L’information a fait les gros titres de la presse régionale. « Les bénéficiaires du RSA qui ne sont pas inscrits à Pôle Emploi pourraient perdre le RSA. » Dans le Nord, sur les 108 000 allocataires du RSA, 45 000 ne sont pas inscrits à Pôle Emploi et pourraient donc subir la suppression de leur allocation. Décodage de la mesure.

> Quels sont les droits et les devoirs des allocataires du RSA ?

Le bénéficiaire du RSA a droit à l’allocation et à un accompagnement pour l’aider à régler des difficultés sociales et améliorer son insertion professionnelle. En contrepartie, dans certaines situations, la loi oblige le bénéficiaire du RSA à rechercher un emploi, entreprendre les démarches nécessaires à la création de sa propre activité ou entreprendre les actions nécessaires à une meilleure insertion sociale ou professionnelle.

Le bénéficiaire du RSA étant soumis aux obligations d’insertion, sa situation est examinée en principe par les services du département, qui déterminent l’accompagnement le plus adapté pour faciliter son accès à l’emploi ou consolider ses capacités professionnelles.

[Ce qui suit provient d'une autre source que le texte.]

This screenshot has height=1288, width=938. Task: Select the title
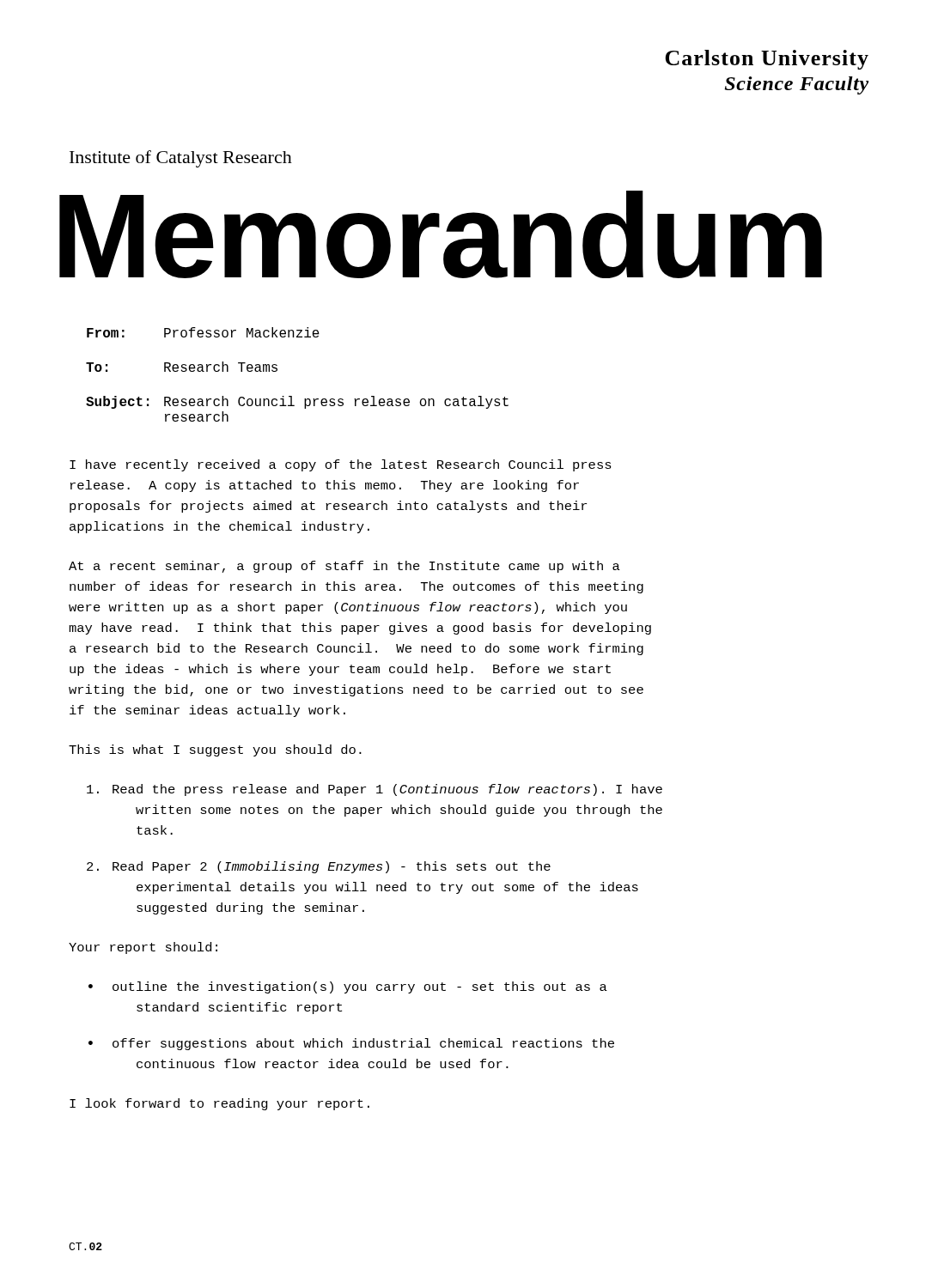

Plusieurs orientations existent. Il y a l’orientation professionnelle dont l’objectif est de rechercher un emploi et d’être inscrit à Pôle emploi (ou un autre organisme). Il y a l’orientation sociale quand les services départementaux considèrent qu’il faut d’abord résoudre les difficultés sociales de la personne. Enfin, il y a l’orientation socio-professionnelle dont l’objectif est de résoudre les difficultés sociales de la personne tout en l’aidant à rechercher un emploi.

Le bénéficiaire de RSA doit se présenter auprès du service ou de l’organisme choisi par le département qui désigne un référent pour accompagner le bénéficiaire dans son parcours. Le référent établit avec le bénéficiaire le plan d’actions à mener, qui prend la forme d’un contrat d’engagements réciproques ou, si c’est un conseiller de Pôle emploi, d’un projet personnalisé d’accès à l’emploi (PPAE), comme pour les autres demandeurs d’emploi. En cas d’orientation sociale ou socioprofessionnelle, si, après un an d’accompagnement, le bénéficiaire n’a pas été réorienté vers Pôle emploi, sa situation doit être réexaminée par l’équipe pluridisciplinaire.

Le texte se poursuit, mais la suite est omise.